This is a “unique victory” for Iran and “a major development in the history of international law.”

A few examples of the most important cases that have been dealt with under Chapter VII of the Charter of the United Nations will be explained below. These cases had raised hope among the permanent members of the Security Council that Iran will finally head for one of the three aforesaid eventualities, but foresight of the Iranian statesmen, led to a fourth option.

South Africa

The Apartheid regime of South Africa, as a threat to people of the country and its neighbors, had been made subject to three sanctions resolutions adopted by the Security Council. The first resolution was adopted on November 4, 1977 under number 418, followed by resolution number 473 on June 13, 1980. The Security Council also adopted Resolution 558 against South Africa on December 13, 1984. These resolutions asked South Africa’s Apartheid regime to stop its racist and violent policies and obligated world countries to impose extensive sanctions against South Africa.

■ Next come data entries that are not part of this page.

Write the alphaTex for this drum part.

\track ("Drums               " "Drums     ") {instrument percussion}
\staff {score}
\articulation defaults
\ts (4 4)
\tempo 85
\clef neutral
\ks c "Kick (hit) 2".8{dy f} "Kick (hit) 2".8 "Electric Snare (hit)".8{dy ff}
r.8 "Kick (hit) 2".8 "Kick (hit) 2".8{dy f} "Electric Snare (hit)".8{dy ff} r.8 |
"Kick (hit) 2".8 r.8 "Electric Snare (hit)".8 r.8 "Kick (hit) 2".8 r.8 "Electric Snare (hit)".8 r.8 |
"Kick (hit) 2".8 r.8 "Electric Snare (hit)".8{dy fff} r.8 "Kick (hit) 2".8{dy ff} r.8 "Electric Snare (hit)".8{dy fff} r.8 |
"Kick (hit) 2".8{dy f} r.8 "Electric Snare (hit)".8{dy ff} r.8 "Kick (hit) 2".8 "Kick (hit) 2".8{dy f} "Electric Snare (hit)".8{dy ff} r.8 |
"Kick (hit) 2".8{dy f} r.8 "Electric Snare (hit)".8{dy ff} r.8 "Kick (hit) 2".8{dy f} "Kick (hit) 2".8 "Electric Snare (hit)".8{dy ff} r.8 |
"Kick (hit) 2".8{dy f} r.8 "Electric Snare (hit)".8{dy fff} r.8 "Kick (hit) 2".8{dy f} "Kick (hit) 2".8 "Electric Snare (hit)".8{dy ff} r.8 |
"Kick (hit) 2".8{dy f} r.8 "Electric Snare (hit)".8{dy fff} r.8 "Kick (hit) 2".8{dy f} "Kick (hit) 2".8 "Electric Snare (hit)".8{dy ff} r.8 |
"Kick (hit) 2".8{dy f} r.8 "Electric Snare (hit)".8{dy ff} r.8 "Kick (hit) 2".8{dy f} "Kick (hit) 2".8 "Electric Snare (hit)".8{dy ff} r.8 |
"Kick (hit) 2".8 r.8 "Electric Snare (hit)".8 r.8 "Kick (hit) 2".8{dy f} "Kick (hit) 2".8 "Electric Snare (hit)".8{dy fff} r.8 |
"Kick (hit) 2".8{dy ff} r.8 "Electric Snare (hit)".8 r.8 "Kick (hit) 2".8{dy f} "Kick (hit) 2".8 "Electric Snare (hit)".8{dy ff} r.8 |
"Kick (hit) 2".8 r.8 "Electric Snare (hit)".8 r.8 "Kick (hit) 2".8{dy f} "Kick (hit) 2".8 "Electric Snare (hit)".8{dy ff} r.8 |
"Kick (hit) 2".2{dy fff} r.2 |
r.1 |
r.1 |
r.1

However, the government of South Africa paid no attention to those resolutions and remained under sanctions until popular struggles led by Nelson Mandela bore fruit, the Apartheid regime was toppled, and free elections were held in the country. Afterwards, the Security Council held a session on May 25, 1994, and put an end to 17 years of sanctions against South Africa by adopting Resolution 919.


Four days after Iraq attacked its southern neighbor, Kuwait, on August 2, 1990, and occupied that country, the Security Council adopted Resolution 661 under Chapter VII of the Charter of the United Nations to impose sanctions on Iraq. After the adoption of that resolution, Baghdad did not pay any attention to it and this lack of compliance led to the adoption of later resolutions against Iraq, which finally ended in military operation against the Arab country.

Following the war and emancipation of Kuwait from the occupation of the Iraqi army, sanctions remained in place until the United States attacked Iraq once again and toppled the country’s government. Subsequent to these catastrophic developments and after election of a popular government in Iraq, the Security Council adopted Resolution 1483 in 2013 and put an end to sanctions against Iraq.


The civil war in the former Yugoslavia led to intervention of the Security Council in this region and a number of resolutions were adopted against that country. They included Resolution 713, which was adopted on September 25, 1991, and Resolution 724, adopted on December 15, 1991.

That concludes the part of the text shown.